List the lines of this listing that hold the word "volume".

════════

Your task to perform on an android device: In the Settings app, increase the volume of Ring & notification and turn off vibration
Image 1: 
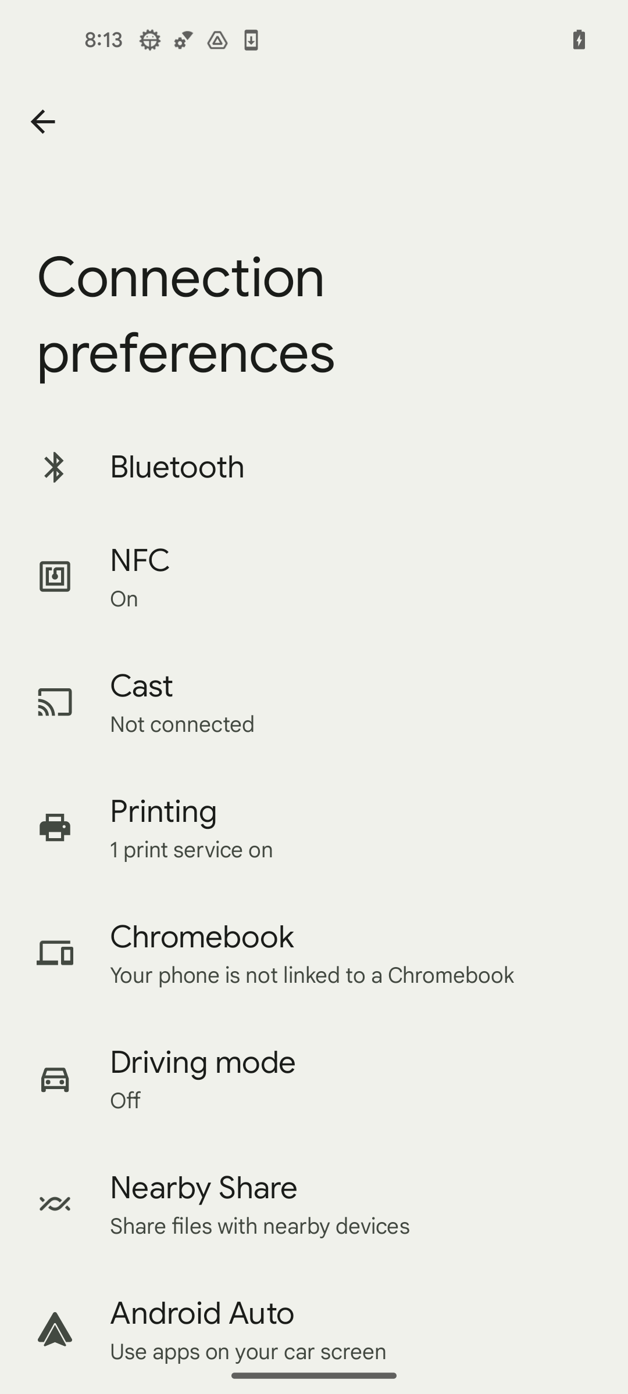
go back to connected devices
Step 1: press back button
Image 2: 
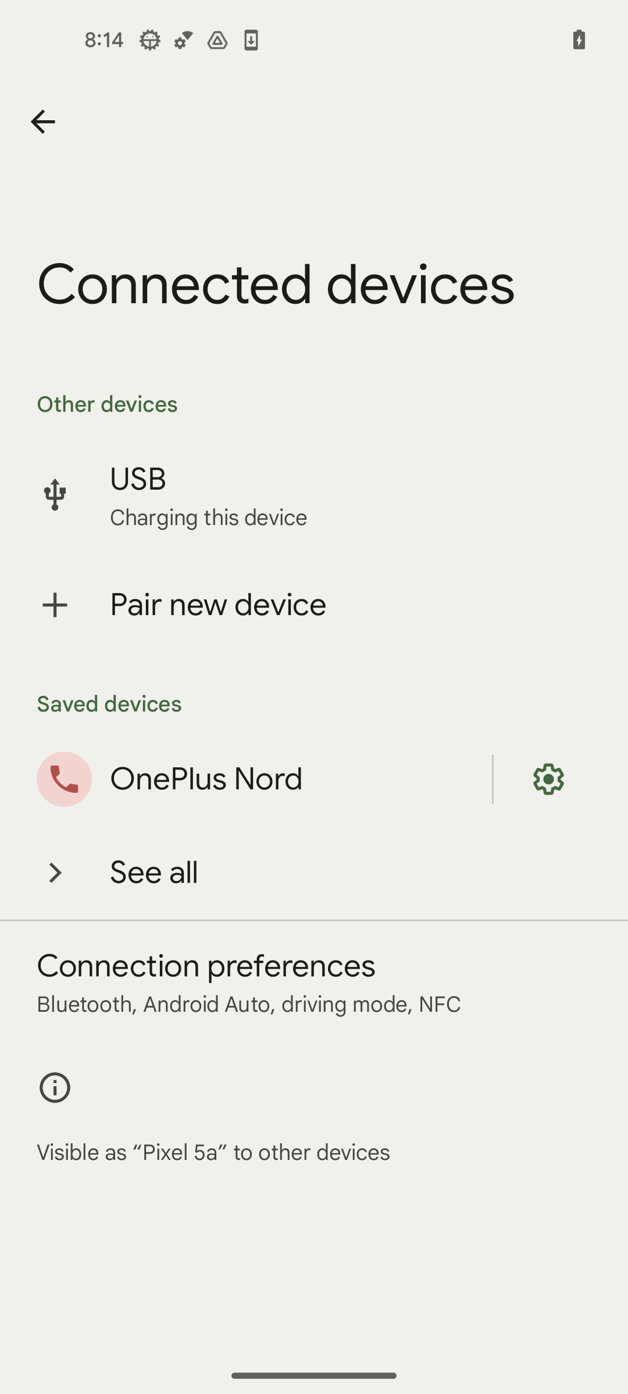
go back to settings home page
Step 2: press back button
Image 3: 
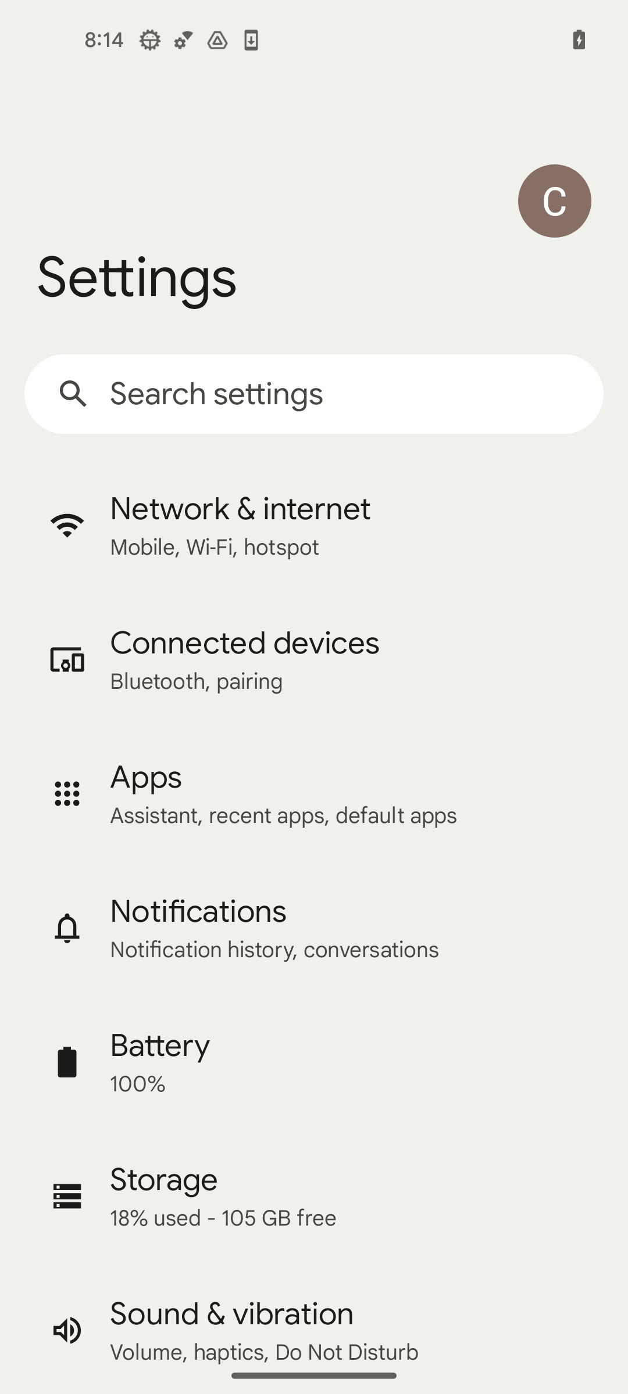
click on sound & vibration
Step 3: click (356, 1312)
Image 4: 
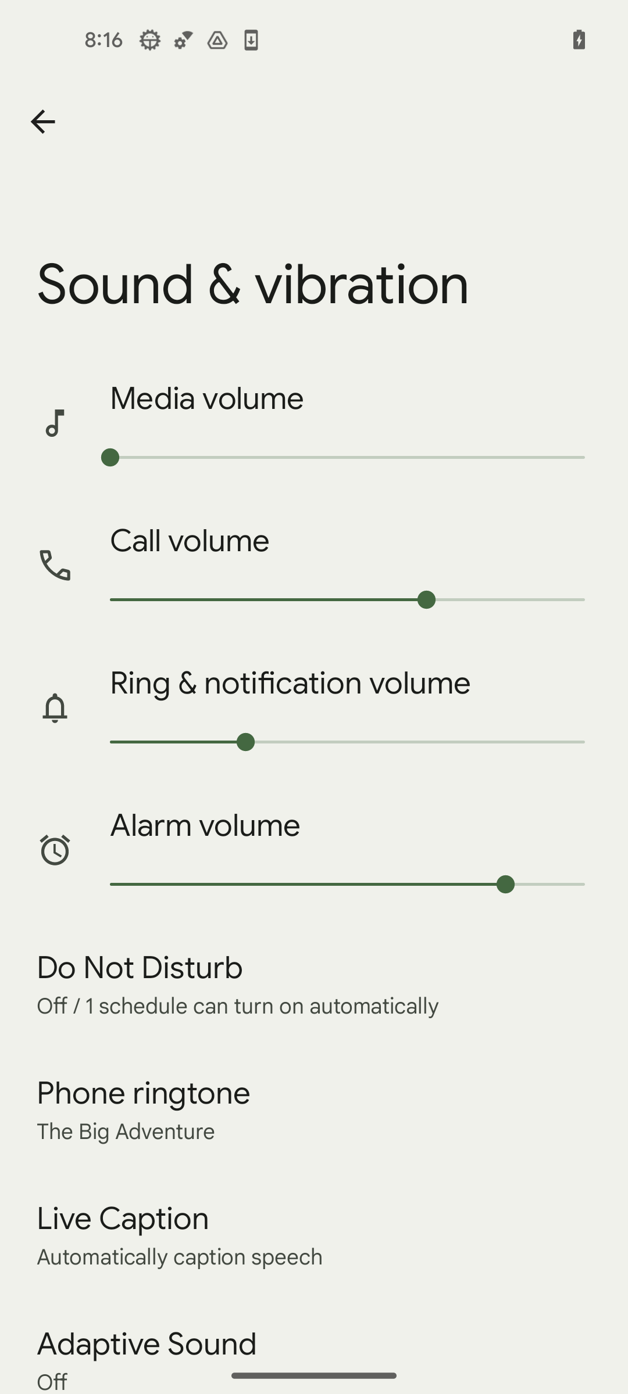
swipe right the ring & notification volume bar to increase the volume
Step 4: scroll left
Image 6: 
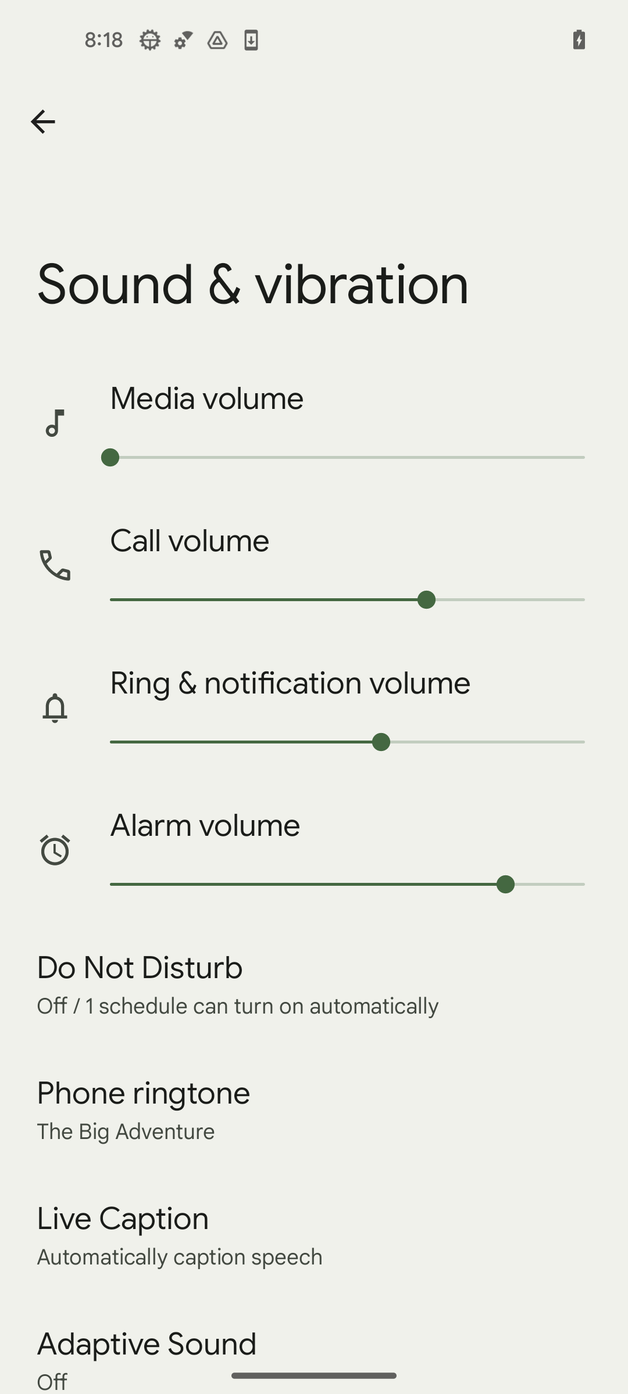
swipe up for vibration
Step 6: scroll down
Image 8: 
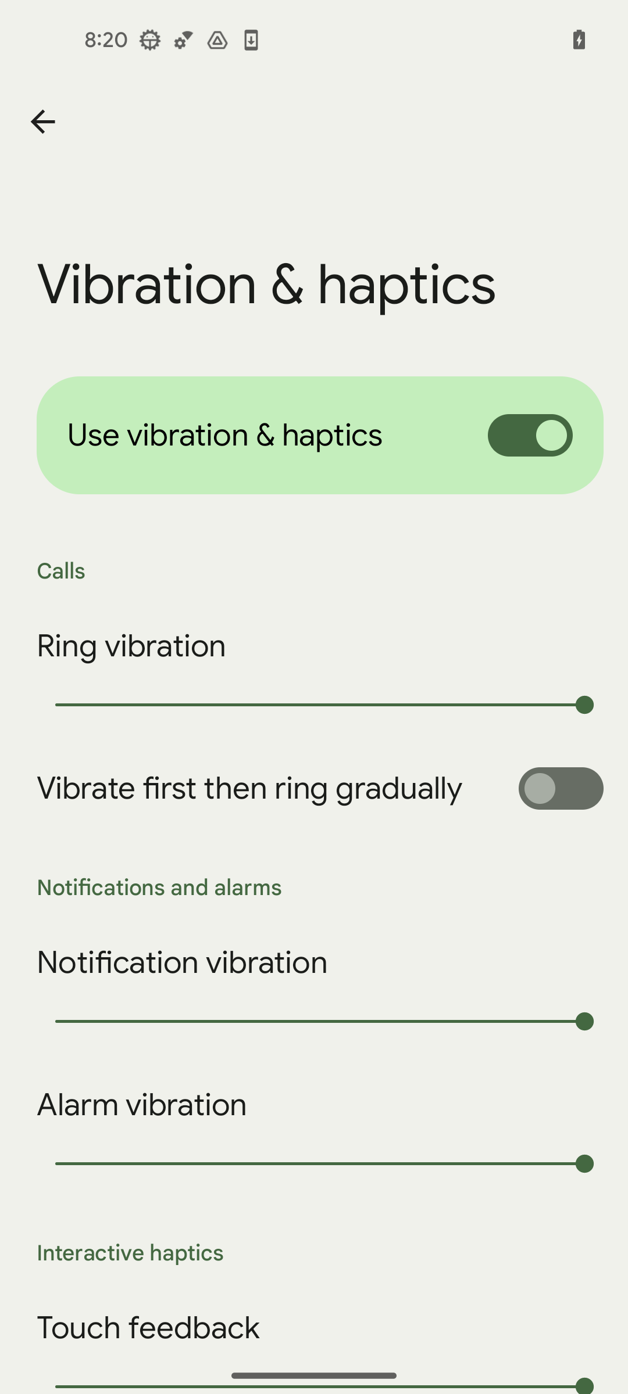
toggle use vibration & haptics
Step 8: click (530, 435)

════════

> Written solution:
Your task to perform on an android device: In the Settings app, increase the volume of Ring & notification and turn off vibration
swipe right the ring & notification volume bar to increase the volume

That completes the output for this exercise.